— Ну а сегодня? — сказал Эркюль Пуаро.
— Сегодня другое дело. Тут я никого не вызволял. Единственный, кто был на месте преступления, это Картер. Стрелял он. Когда я бросился на него, револьвер еще был у него в руке. Думаю, он собирался пальнуть еще раз.
— Кажется, вы очень заботитесь о безопасности мистера Бланта?
Рейке усмехнулся. Улыбка у него была не лишена приятности.
— По-вашему, не вяжется с тем, что я о нем наговорил? Возможно. Я действительно считаю, что таких субъектов, как Блант, следует убивать. Во имя прогресса и человечества. Но лично против него я ничего не имею, он славный малый, истинный британец. И когда на моих глазах в него в упор стреляют, я не могу не вмешаться. Видите, какое человек непоследовательное существо! Идиотизм, правда?
— Между теорией и практикой — огромная пропасть.
— Согласен.
Мистер Рейке поднялся с кровати, где он сидел все это время, и доверчиво улыбнулся.
— Просто я подумал, — сказал он, — что надо пойти и все вам объяснить.
Говард Рейке вышел, осторожно затворив за собой дверь.
«Избавь меня, Господи, от человека злого; сохрани меня, Господи, от нечестивца»[75], — уверенно, хоть и немного фальшиво, выводила миссис Оливера. Совершенное отсутствие благоговения в ее голосе наводило Пуаро на мысль, что в представлении почтенной леди этот нечестивец имеет весьма конкретное воплощение в лице Говарда Рейкса.
Эркюль Пуаро вызвался сопровождать своего гостеприимного хозяина с его семейством на утреннюю службу в деревенскую церковь.
Говард Рейке не преминул заметить с презрительной усмешкой:
— Стало быть, вы регулярно посещаете церковь, мистер Блант?

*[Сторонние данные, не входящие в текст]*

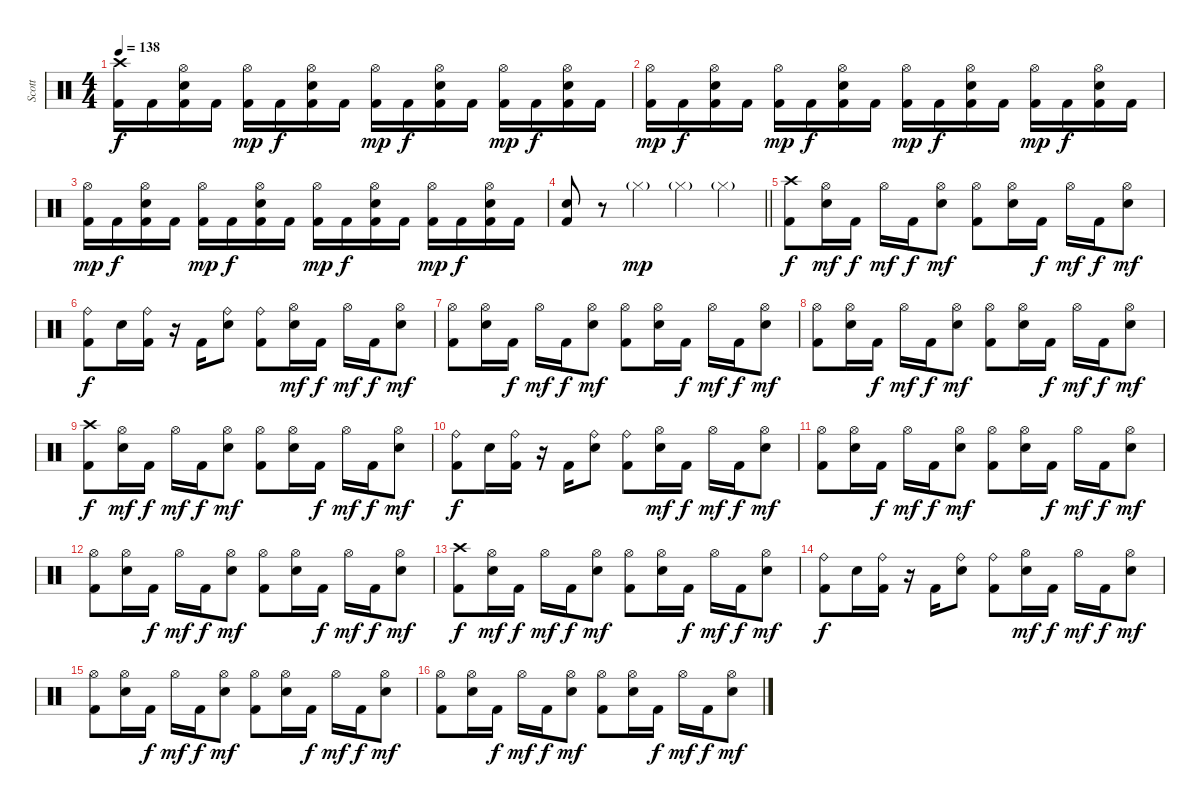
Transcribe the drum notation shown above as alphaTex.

Алистер Блант пробормотал что-то невнятное: в деревне, дескать, от него иного и не ждут, нельзя обмануть упования пастора, знаете ли…
Юного американца эти архаичные английские эмоции повергли в недоумение, а у Пуаро вызвали сочувственную улыбку.
Миссис Оливера исключительно из деликатности соизволила составить компанию мистеру Бланту и настояла на том, чтобы Джейн последовала ее примеру.
«…изощряют язык свой, как змея, — пел хор мальчиков пронзительным дискантом[76],— яд аспида под устами их».
А далее продолжали тенора и басы:
«Соблюди меня, Господи, от рук нечестивого. Сохрани меня от притеснителей, которые замыслили поколебать стопы мои», — с чувством выводили они.
Пуаро тоже принялся нерешительно подтягивать баритоном:
«Гордые скрыли силки для меня и петли, раскинули сеть по дороге, тенета разложили для меня».
Пуаро замер с открытым ртом.
Он вдруг все понял. Он ясно узрел тенета, в которые чуть было не угодил.
Точно в трансе, стоял он, уставясь в пространство. Молящиеся, шурша одеждой, сели на свои места, а он все стоял, пока наконец Джейн Оливера не дернула его за рукав, шепнув: «Да сядьте же!»
Эркюль Пуаро сел. Старый бородатый пастор возгласил:
— Пятнадцатая глава «Первой книги Царств»[77],— и начал читать.
Но Пуаро не слышал ничего о том, как Саул истребил амаликитян[78].
Хитроумно расставленные силки… тенета… яма, старательно вырытая у его ног… яма, куда он неминуемо должен упасть…
На Пуаро нашло озарение, чудесное озарение, когда разрозненные факты, дотоле хаотично разметанные вокруг, неожиданно укладываются на свои места.
Как в калейдоскопе: пряжка, чулки десятидюймового размера; изуродованное лицо; пристрастие к дешевым детективам юного Альфреда, служившего у покойного доктора; мистер Эмбериотис с его сомнительными делишками; роль, невольно сыгранная покойным мистером Морлеем, — все это, взметнувшись, перемешалось и затем улеглось, образовав четкую картину.
76
Дискант — верхний высокий голос детского хора; в многоголосном церковном пении — любой верхний голос.
77
В 15-й главе Первой книги Царств рассказывается о том, что по поручению Господа Саул должен был уничтожить амаликитян за беды, причиненные ими Израилю, но не выполнил этого повеления.